If a common focus is lacking, mistrust between the parties will almost inevitably develop, forcing managers on both sides into defensive positions rather than an attitude of cooperation. We see your XYZ division as our entry into that business. Such clarification helps both the negotiating and the operating managers to sort out the problems and issues that must be addressed.
Equally important, clarification provides an external focus for their combined activities and reduces the possibilities of political infighting. In contrast, overly precise statements of performance expectations can backfire and increase rather than decrease the ambiguity and uncertainty in the situation. Precise definitions of expected results are often based on financial calculations that outside analysts have prepared with neither a detailed operating knowledge of the companies or industry nor a stake in making it work.

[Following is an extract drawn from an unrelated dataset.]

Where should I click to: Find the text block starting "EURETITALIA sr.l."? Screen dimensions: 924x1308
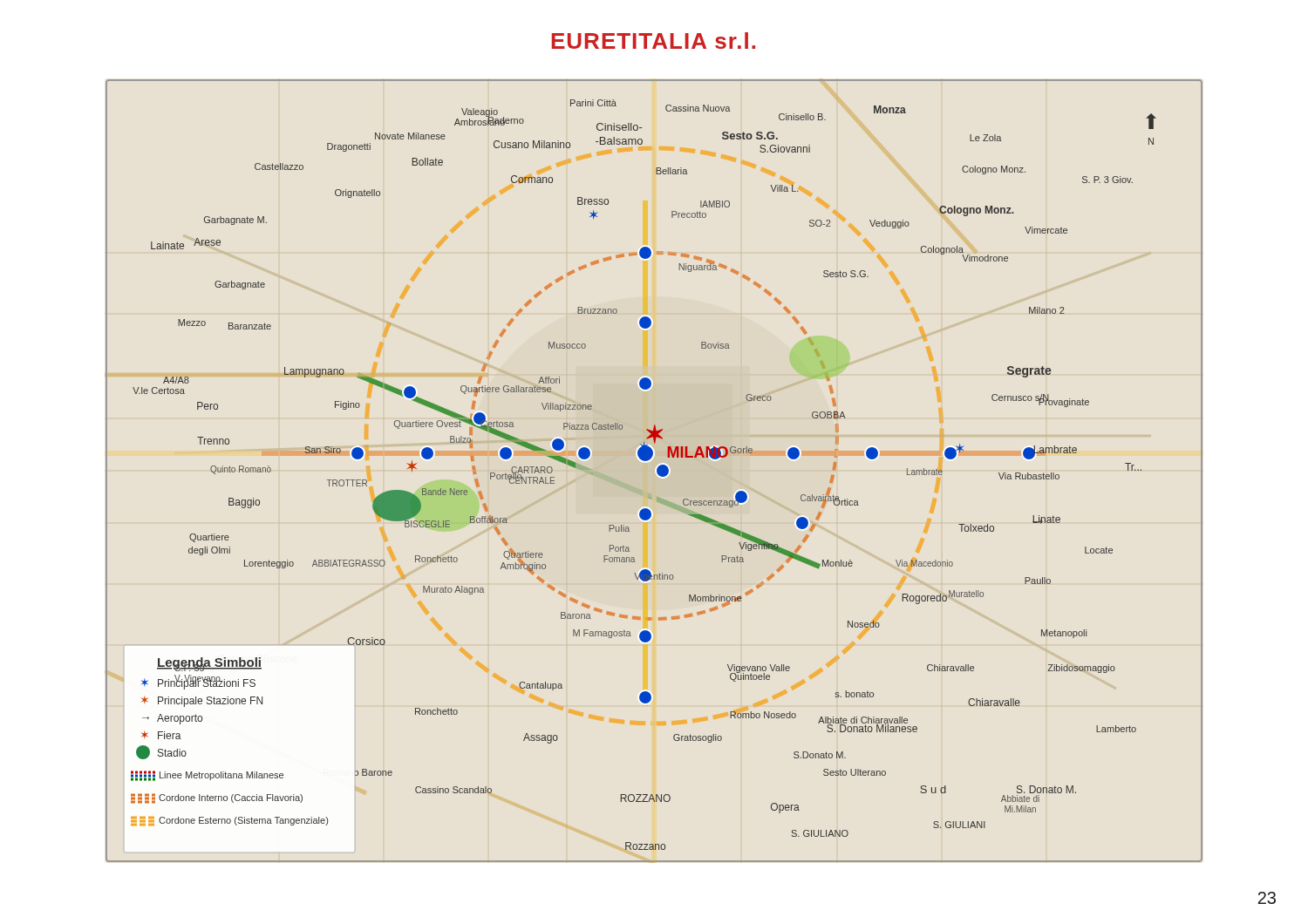pos(654,41)

If detailed objectives become a straitjacket, they can have serious consequences as business conditions change. While qualitative statements are more ambiguous, postacquisition managers will have more room to maneuver if they have a general framework to guide them in the future. According to our research, a generally unacknowledged factor—the process itself—affects the outcomes of many acquisitions. We are not suggesting that these barriers occur in every acquisition; their frequency varies with the circumstances.
But we have found that hindrances do exist in the acquisition process, and they can have a significant impact on the ultimate success of the deal. Also, understanding how they might affect your particular situation can help minimize their detrimental effects. Who are the key advisers in this acquisition?

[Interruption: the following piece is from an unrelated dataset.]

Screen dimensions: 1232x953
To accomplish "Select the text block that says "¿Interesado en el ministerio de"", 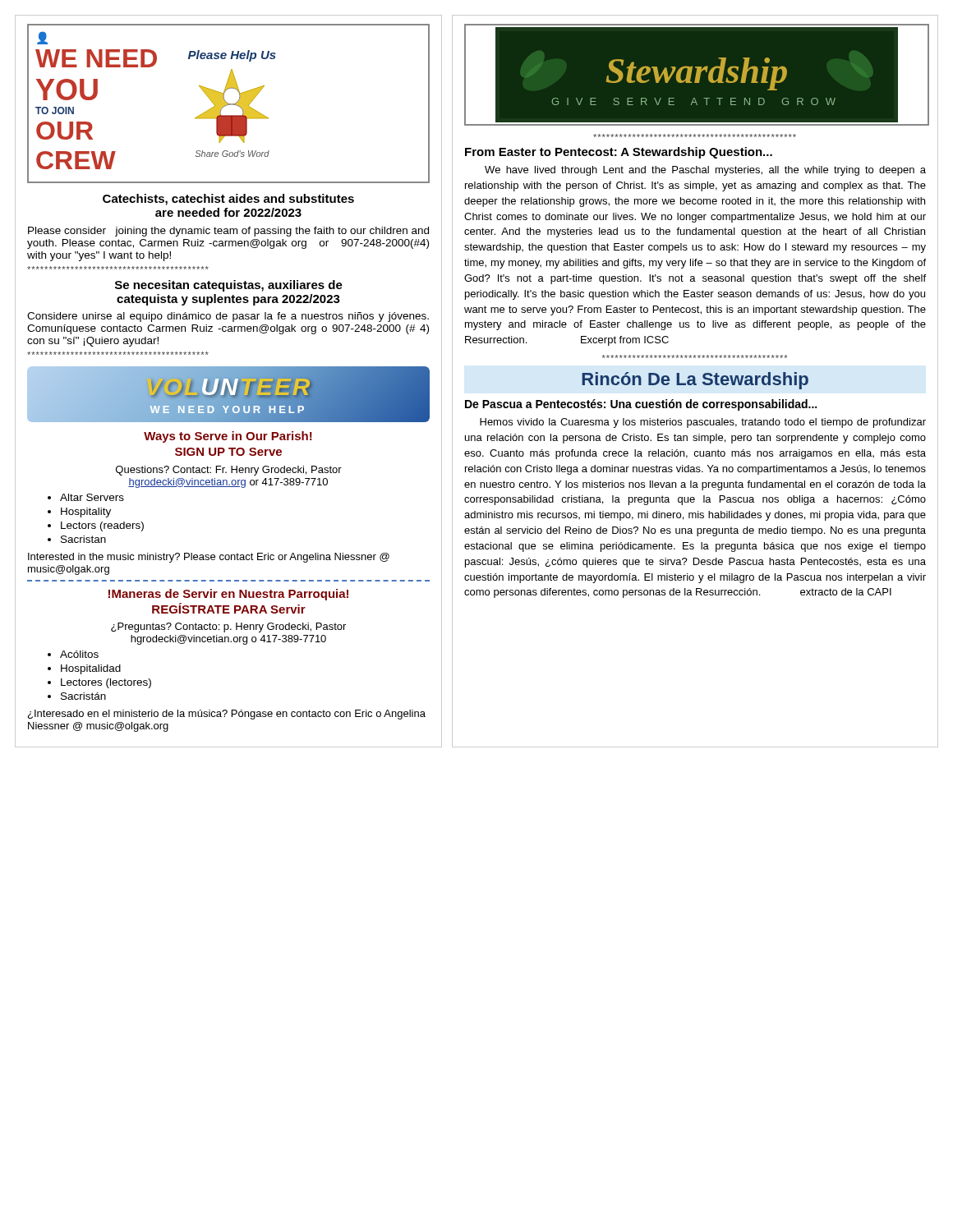I will 226,719.

How do their analyses address the way in which the business will operate after the deal is closed? What is their incentive to contribute to the integration of the two companies after the acquisition?
Are any of them given precedence in decision making? Are some analyses systematically ignored? Are the decision makers giving adequate attention to operational considerations and nonquantitative issues? What person or group is charged with integrating analyses?
Are these people important and respected senior members of the organization? Do the reasons for the acquisition support arguments for speeding up the process? Does only one appropriate candidate exist? Is internal development an option if no acquisitions materialize? Do environmental factors for example, other bidders or impending regulatory changes make it essential to act quickly?
What are the sources of pressure to complete the deal? How is the rush to close affecting the acquisition? Do participants feel rushed and will it affect the quality of the work they do? Do hidden agendas exist among the advocates of the deal? Are reward structures affecting the rush to close? Are rewards based on acquiring the company or on making the best decision? Do the people involved receive promotions for completing the deal?
Will they be evaluated negatively if they suggest pulling out? Does a system of checks and balances exist? Is the board review process for acquisitions as detailed and rigorous as for other matters? Does any other high-level, uninvolved person or group exist that can review the acquisition process and decisions dispassionately? Have acquiring executives clarified what the company expects from the new subsidiary?
Have they defined minimum acceptable expectations for it? Have they stated these requirements clearly as nonnegotiable points? Have they also recognized and accepted the nonnegotiable concerns of the target company? Have both parties identified negotiable items that operating managers can resolve after the deal has gone through? Have the planners communicated to both organizations the basic motivation for the acquisition as well as the financial targets for its performance?